Material for this task:

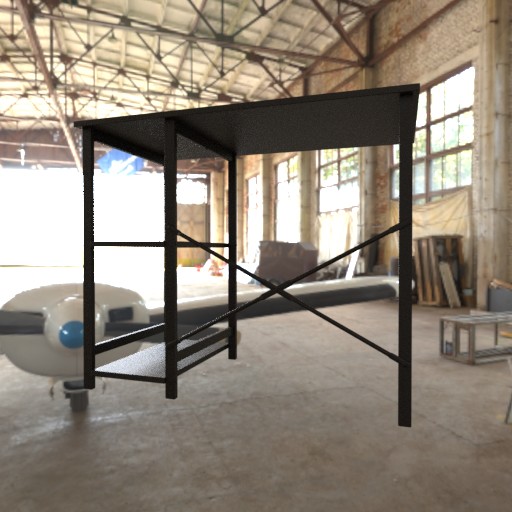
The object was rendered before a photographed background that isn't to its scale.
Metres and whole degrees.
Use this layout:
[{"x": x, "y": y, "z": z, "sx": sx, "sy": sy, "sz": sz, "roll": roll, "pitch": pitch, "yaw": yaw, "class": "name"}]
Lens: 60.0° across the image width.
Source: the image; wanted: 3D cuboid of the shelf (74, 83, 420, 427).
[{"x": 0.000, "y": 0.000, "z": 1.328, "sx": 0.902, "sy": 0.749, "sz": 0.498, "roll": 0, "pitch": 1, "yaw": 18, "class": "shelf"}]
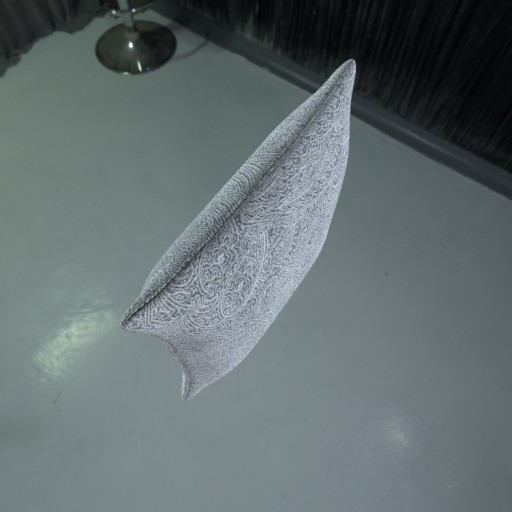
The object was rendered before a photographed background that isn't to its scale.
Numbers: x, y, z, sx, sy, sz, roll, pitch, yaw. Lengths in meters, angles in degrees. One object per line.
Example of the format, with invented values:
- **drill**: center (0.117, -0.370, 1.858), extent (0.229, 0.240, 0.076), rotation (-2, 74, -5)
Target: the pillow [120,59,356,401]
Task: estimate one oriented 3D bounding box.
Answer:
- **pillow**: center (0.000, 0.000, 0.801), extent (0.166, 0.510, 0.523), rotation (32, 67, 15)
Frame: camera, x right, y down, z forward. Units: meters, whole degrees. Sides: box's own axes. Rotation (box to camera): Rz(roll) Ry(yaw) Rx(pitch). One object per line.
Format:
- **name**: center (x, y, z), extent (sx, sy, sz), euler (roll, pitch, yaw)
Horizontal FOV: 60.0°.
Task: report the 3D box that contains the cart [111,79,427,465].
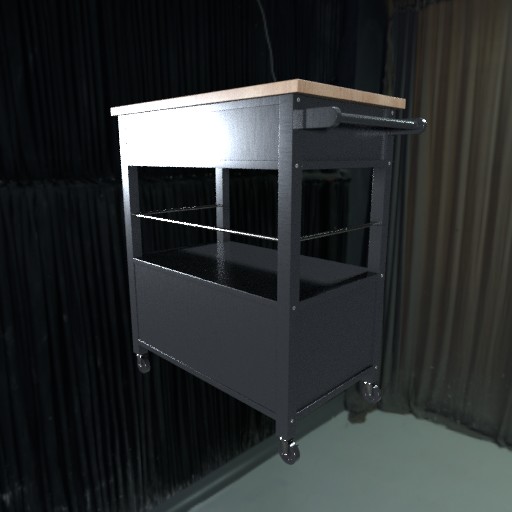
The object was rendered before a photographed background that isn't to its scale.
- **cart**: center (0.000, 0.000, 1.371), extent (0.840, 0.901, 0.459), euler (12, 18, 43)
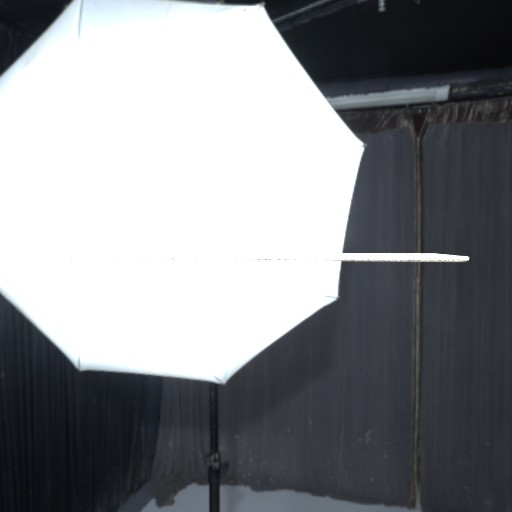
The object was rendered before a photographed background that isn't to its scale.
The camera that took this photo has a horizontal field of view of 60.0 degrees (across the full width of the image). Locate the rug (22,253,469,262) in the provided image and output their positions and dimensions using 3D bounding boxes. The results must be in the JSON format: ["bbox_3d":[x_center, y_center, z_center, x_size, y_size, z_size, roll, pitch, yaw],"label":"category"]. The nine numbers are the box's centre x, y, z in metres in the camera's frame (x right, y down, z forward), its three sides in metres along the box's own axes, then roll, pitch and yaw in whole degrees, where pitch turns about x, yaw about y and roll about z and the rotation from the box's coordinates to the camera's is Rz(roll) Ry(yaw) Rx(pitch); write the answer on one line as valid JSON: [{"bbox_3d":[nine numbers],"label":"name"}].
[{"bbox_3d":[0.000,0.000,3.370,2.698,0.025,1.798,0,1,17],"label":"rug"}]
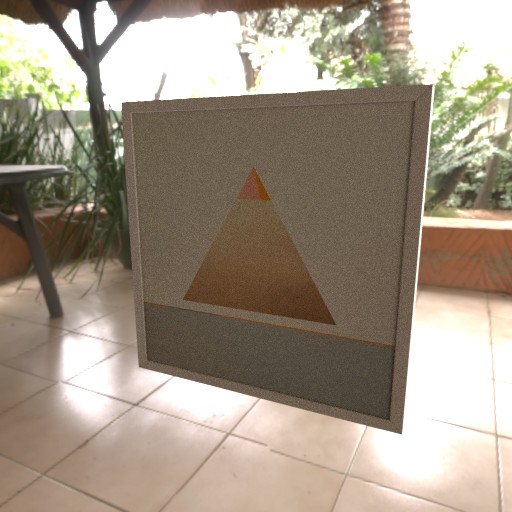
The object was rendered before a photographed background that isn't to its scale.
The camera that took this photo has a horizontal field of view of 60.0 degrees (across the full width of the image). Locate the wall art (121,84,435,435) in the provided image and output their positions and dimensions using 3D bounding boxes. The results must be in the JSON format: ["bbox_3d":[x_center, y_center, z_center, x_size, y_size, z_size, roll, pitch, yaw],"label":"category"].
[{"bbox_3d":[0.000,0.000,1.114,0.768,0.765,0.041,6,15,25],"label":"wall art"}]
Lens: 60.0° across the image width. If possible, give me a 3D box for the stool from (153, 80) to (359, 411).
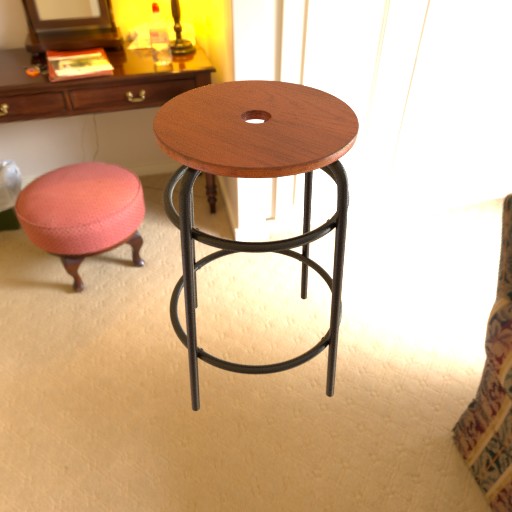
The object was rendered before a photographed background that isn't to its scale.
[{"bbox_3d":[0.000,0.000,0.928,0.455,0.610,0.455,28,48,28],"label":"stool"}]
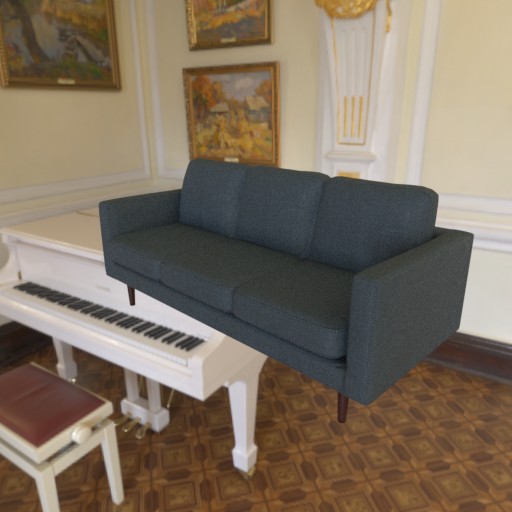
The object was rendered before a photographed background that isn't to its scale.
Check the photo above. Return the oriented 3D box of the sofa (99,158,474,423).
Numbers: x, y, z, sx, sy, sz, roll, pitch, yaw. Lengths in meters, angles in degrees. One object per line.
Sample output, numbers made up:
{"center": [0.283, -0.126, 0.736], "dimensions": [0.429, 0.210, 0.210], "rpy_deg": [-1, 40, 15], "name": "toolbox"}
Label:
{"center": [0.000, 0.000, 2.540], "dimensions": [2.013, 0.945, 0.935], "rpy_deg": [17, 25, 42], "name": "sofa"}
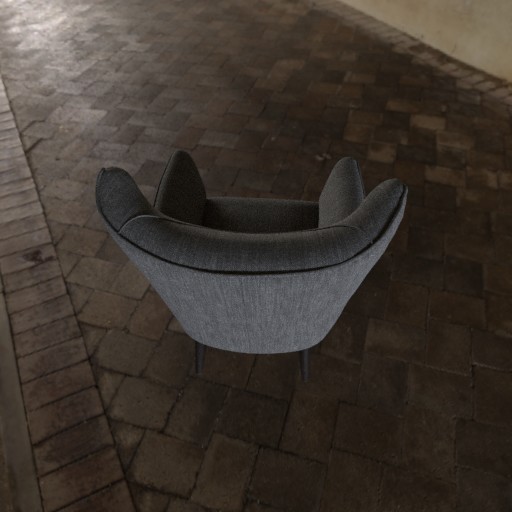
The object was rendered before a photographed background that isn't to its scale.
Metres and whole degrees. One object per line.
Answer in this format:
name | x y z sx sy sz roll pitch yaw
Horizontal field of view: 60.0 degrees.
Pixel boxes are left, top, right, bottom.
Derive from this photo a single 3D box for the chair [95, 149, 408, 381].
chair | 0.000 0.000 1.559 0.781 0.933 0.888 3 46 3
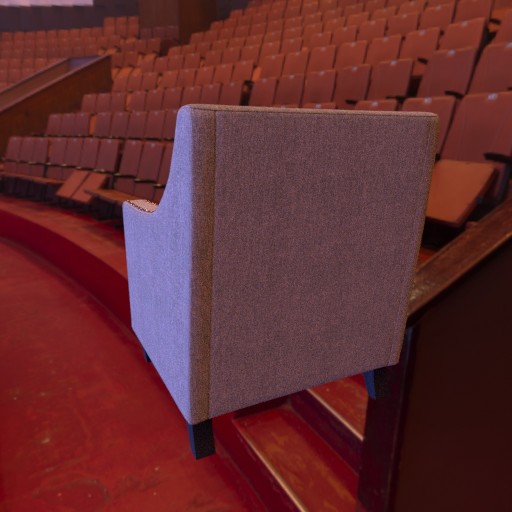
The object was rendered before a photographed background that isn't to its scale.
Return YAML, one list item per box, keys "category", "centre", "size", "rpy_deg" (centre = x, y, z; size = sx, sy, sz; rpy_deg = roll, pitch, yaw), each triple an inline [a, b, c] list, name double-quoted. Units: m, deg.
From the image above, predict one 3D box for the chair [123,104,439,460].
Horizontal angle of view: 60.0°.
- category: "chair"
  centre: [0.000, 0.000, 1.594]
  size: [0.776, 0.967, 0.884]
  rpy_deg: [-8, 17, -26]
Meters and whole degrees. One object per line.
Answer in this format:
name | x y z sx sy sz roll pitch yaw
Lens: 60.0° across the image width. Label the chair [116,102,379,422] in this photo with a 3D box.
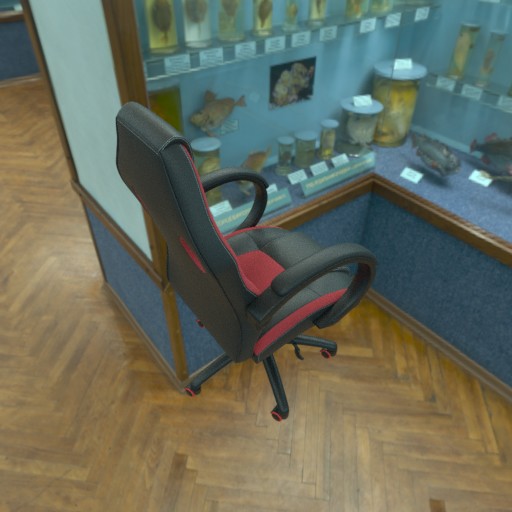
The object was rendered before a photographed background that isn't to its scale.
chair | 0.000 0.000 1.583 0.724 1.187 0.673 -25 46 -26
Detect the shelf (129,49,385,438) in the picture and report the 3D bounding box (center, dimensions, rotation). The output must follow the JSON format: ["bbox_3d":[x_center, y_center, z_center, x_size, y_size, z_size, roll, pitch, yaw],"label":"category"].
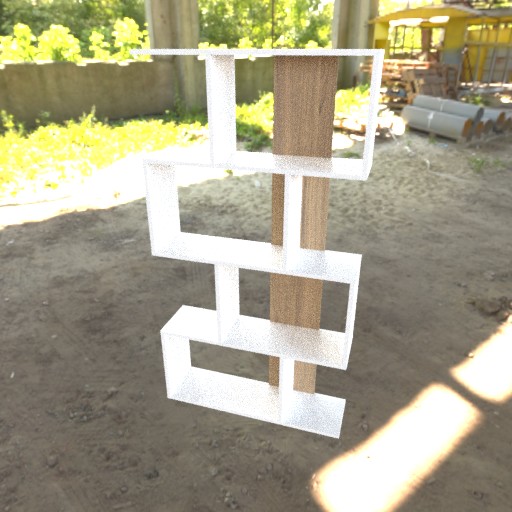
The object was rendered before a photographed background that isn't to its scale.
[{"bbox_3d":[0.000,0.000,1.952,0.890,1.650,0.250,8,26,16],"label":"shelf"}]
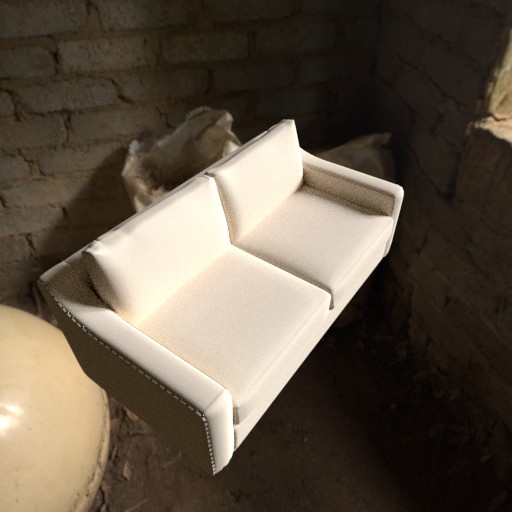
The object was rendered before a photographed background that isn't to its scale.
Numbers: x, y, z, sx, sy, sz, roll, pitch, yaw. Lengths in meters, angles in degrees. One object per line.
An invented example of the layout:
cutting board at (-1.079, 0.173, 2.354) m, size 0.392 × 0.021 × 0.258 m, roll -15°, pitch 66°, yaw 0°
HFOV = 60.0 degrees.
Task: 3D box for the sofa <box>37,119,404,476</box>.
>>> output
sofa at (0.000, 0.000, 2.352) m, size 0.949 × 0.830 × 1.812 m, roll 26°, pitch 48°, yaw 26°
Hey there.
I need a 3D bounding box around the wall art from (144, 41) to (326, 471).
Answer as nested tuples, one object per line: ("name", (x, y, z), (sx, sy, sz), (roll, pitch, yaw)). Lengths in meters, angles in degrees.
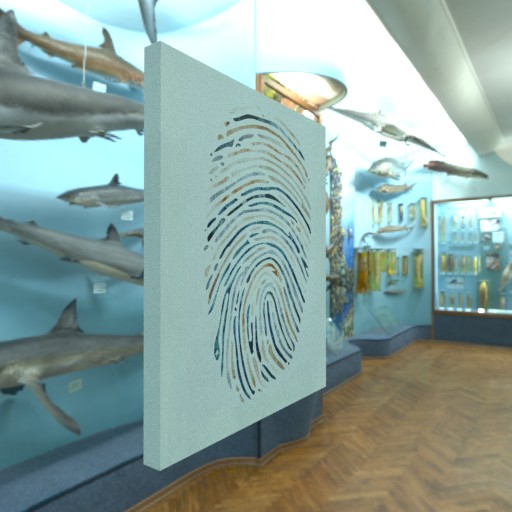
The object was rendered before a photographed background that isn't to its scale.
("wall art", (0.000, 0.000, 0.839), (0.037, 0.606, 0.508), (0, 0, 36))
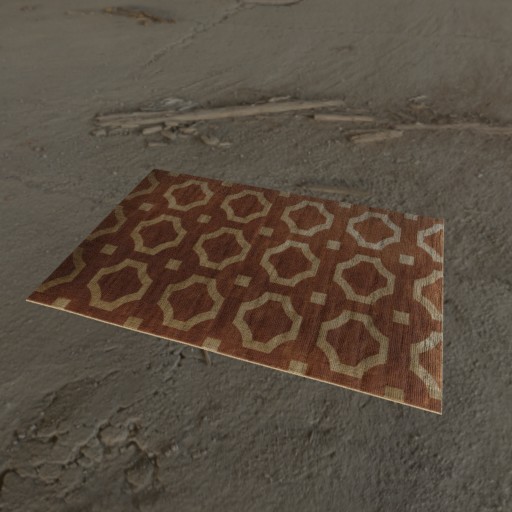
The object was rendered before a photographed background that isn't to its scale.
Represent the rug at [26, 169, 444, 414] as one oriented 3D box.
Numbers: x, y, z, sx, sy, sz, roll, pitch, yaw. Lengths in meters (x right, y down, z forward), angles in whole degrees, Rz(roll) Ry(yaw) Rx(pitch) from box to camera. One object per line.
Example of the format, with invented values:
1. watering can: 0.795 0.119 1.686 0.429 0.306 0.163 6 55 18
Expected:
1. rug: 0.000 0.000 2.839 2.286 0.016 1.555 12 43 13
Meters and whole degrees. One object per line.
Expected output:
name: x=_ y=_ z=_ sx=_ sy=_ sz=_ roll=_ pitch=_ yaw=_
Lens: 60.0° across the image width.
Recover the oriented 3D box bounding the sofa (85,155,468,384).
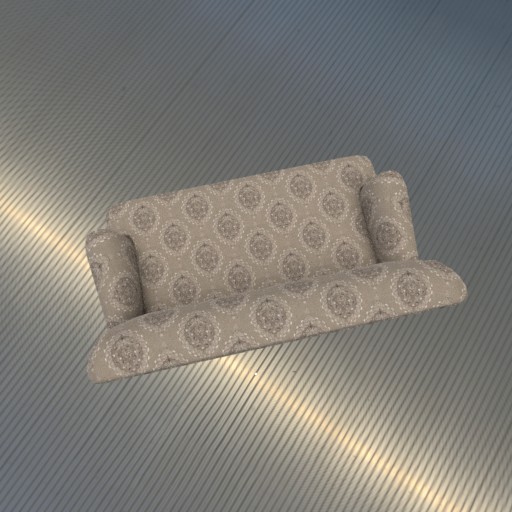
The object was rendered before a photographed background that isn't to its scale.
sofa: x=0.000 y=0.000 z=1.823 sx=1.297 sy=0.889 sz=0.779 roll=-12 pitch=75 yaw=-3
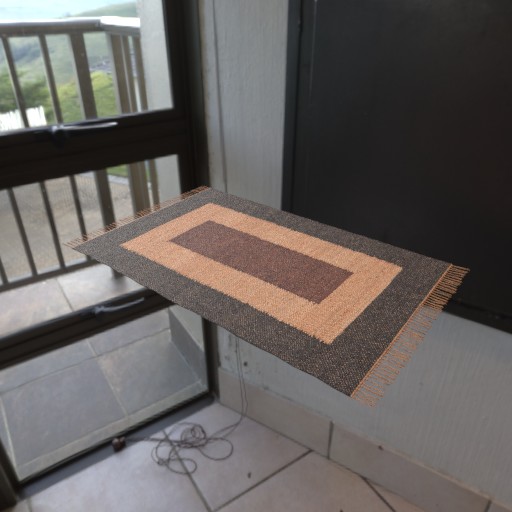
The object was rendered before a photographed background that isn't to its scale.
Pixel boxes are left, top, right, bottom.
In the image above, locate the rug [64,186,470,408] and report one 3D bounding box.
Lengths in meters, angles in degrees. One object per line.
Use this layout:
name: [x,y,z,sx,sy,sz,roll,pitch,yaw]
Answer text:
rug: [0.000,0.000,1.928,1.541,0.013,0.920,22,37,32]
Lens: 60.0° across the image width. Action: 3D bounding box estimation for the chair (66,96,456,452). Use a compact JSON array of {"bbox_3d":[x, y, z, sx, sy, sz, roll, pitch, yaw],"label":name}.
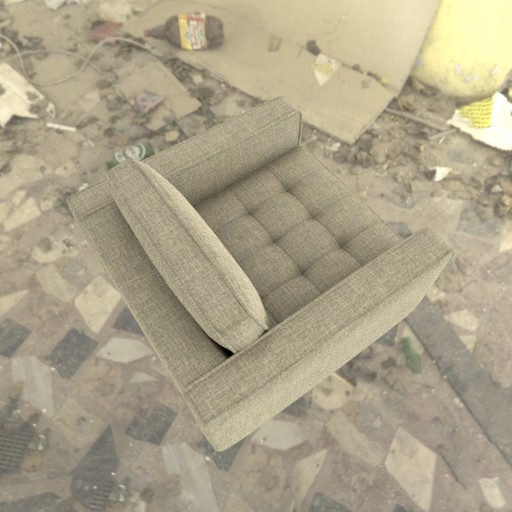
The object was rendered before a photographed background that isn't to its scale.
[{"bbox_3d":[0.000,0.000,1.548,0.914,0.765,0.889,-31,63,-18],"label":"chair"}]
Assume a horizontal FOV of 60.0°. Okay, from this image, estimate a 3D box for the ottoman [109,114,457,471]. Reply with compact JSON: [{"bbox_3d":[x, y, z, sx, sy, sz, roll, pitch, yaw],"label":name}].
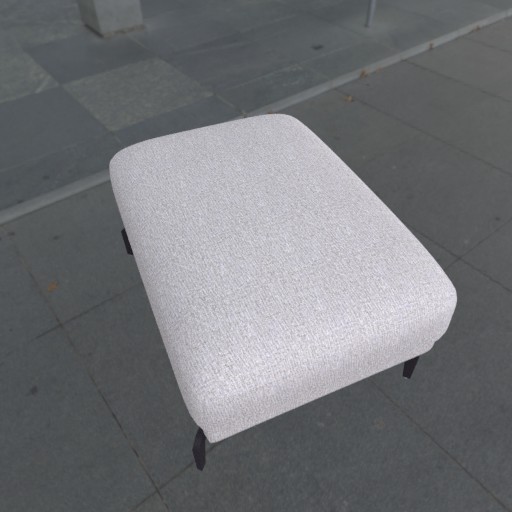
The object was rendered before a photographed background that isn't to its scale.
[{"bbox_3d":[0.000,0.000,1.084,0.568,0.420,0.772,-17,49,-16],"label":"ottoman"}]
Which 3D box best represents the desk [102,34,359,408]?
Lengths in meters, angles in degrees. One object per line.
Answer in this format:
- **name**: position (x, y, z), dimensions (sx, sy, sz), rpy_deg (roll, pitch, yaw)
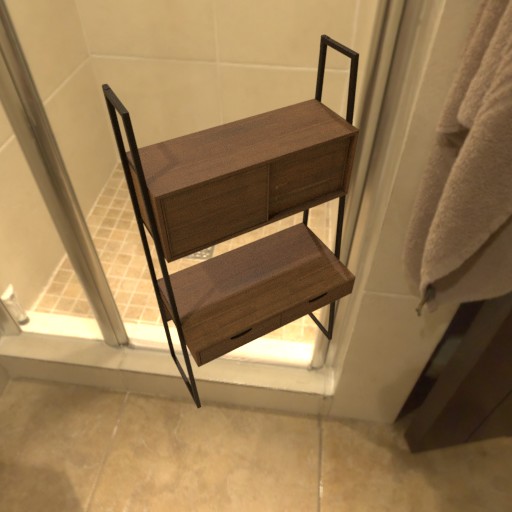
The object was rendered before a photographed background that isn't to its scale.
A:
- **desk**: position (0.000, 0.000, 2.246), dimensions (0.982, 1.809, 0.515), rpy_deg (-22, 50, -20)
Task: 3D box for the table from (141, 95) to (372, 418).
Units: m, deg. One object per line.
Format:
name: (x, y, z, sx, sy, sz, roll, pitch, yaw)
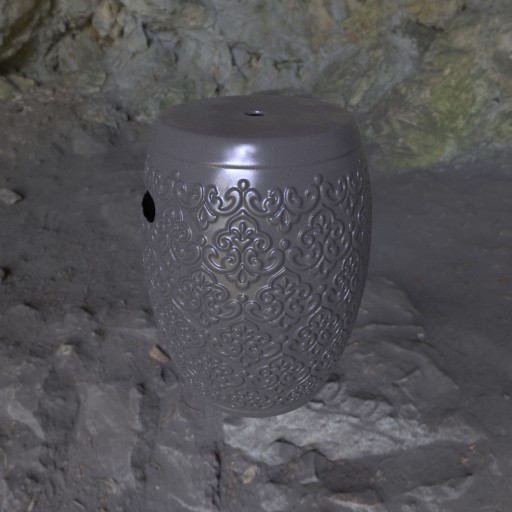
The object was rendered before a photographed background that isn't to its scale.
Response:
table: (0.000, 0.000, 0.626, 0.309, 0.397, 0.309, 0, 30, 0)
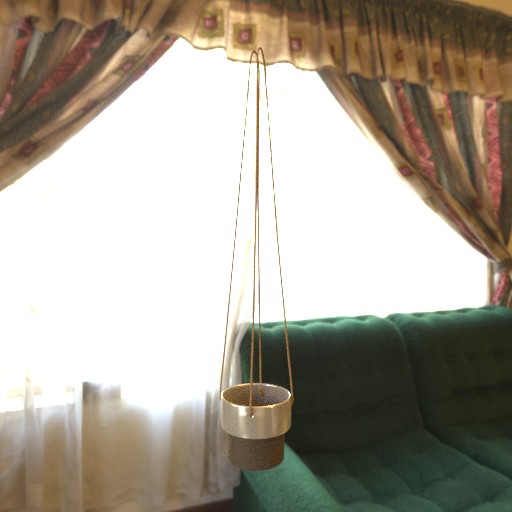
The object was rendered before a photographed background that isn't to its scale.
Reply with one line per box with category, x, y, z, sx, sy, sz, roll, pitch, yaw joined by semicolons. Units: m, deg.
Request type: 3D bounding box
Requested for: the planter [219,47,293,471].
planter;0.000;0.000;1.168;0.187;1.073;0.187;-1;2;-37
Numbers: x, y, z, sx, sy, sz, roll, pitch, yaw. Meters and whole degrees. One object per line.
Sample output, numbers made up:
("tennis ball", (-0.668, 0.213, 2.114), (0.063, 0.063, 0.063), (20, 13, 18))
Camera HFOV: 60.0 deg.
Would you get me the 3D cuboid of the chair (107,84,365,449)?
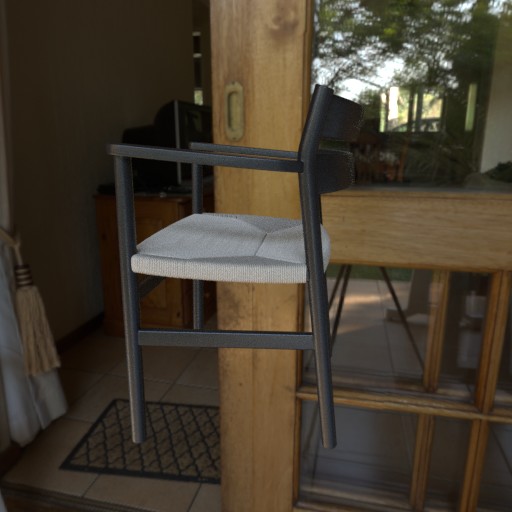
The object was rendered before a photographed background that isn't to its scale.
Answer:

What you are asked to do: The lines above starting at the one that contains "HFOV = 60.0 degrees." and ending at the one that contains "Answer as nested" must be transcribed exactly, and no other lines may appear.

Reply:
HFOV = 60.0 degrees.
Task: 3D box for the sofa <box>37,119,404,476</box>.
>>> output
sofa at (0.000, 0.000, 2.352) m, size 0.949 × 0.830 × 1.812 m, roll 26°, pitch 48°, yaw 26°
Hey there.
I need a 3D bounding box around the wall art from (144, 41) to (326, 471).
Answer as nested tuples, one object per line: ("name", (x, y, z), (sx, sy, sz), (roll, pitch, yaw)). Lengths in meters, angles in degrees.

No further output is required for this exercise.